Pro football’s turn toward inequity resonates eight decades later. Change will require intentional action.

Fritz Pollard died waiting for the NFL to change. He lived until he was 92, and that was not long enough. For his last 65 years, he yearned to see another person like him: a Black man, valued and empowered, with the title of head coach.

Black Out

This football season, The Washington Post is examining the NFL’s decades-long failure to equitably promote Black coaches to top jobs despite the multibillion-dollar league being fueled by Black players.

In 1921, when the star running back also coached the Akron Pros, professional football seemed ahead of the racist times. It chose not to stay that way. Sixty-eight years elapsed before Art Shell became the second African American to hold the position in 1989. Pollard had succumbed to pneumonia three years earlier, in pioneering solitude, never witnessing that dreamy day when Black minds would be as appreciated as Black athleticism.

“He was waiting for the time the NFL became fully racially unbiased,” said his grandson Stephen Towns, a periodontist who lives in Indianapolis. “He was waiting for leadership that reflected what he saw on the field. But it never happened. It was a real sore spot for him.”

He was Coach Pollard 26 years before Jackie Robinson burst through baseball’s color barrier. Yet more than a century later, the NFL has trusted just 26 Black men to direct its teams, a total inflated by five interim coaches. As the 2022 season unfolds, the sport is enmeshed in a racial discrimination lawsuit and fails to meet the most meager standards for coaching diversity.

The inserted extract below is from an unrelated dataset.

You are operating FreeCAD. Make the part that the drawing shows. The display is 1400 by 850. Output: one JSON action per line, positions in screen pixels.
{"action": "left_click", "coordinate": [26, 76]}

The NFL never integrated. Not fully, at least. Not properly. Unlike baseball, there is no clear before and after in its history. It took a winding path of organic integration, segregation and reintegration that can be trimmed to a truth: With its actions, the NFL has always placed conditions on inclusion. Exclusion has always been the point.

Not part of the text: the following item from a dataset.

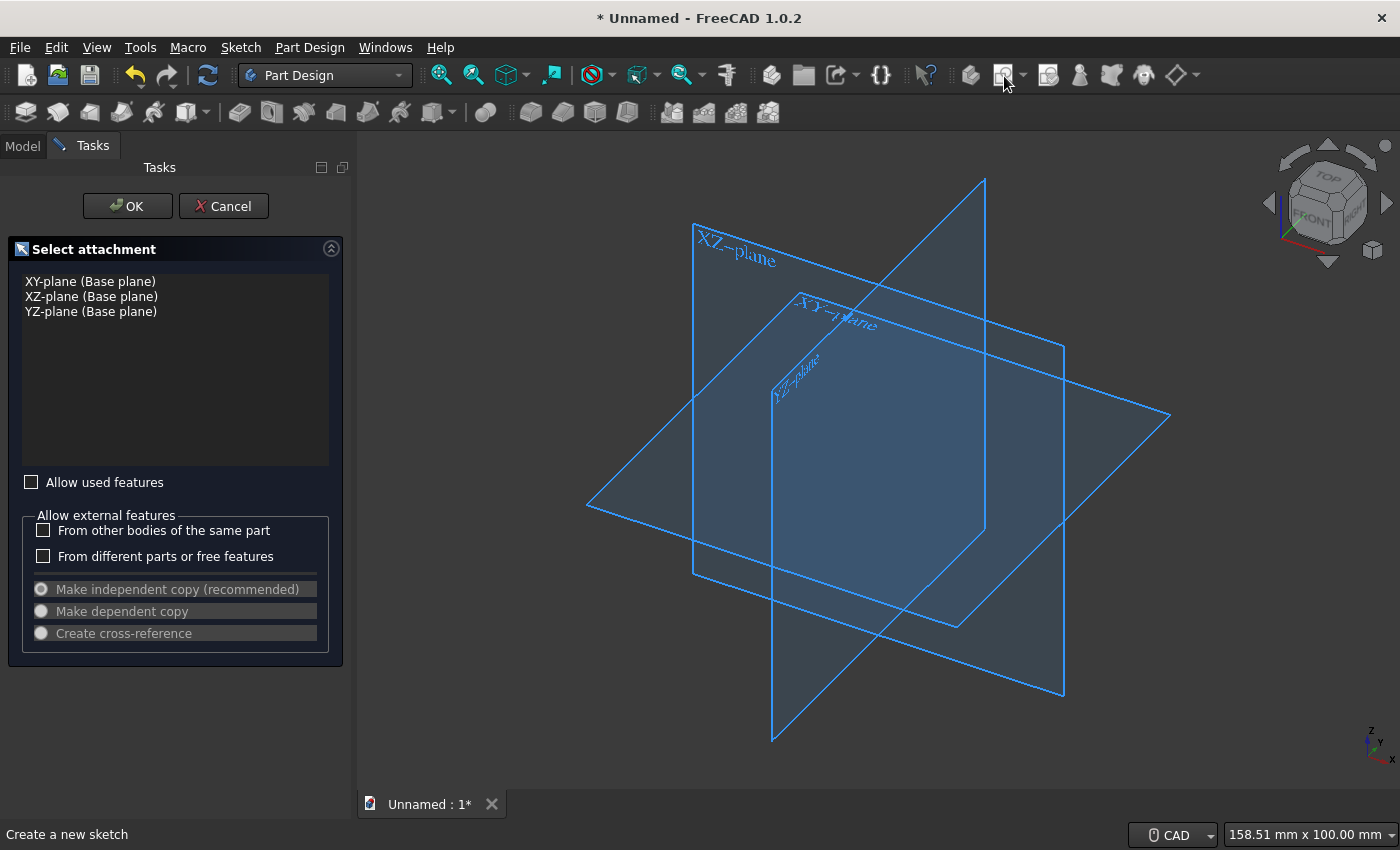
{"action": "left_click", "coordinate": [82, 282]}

It is the tormenting legacy of a league that could have set a standard for inclusion. When Pollard joined what was then called the American Professional Football Association in 1920, he endured racist taunts from the crowds and cheap shots from opponents. But he also was the sport’s highest-paid employee, earning $1,500 per game. For a while, his speed and intelligence prevailed over bigotry. Then the fledgling league, which was struggling to compete for relevance with baseball, boxing, college football and horse racing, aspired to become what it is today: a massive and indomitable force, this nation’s greatest sporting addiction.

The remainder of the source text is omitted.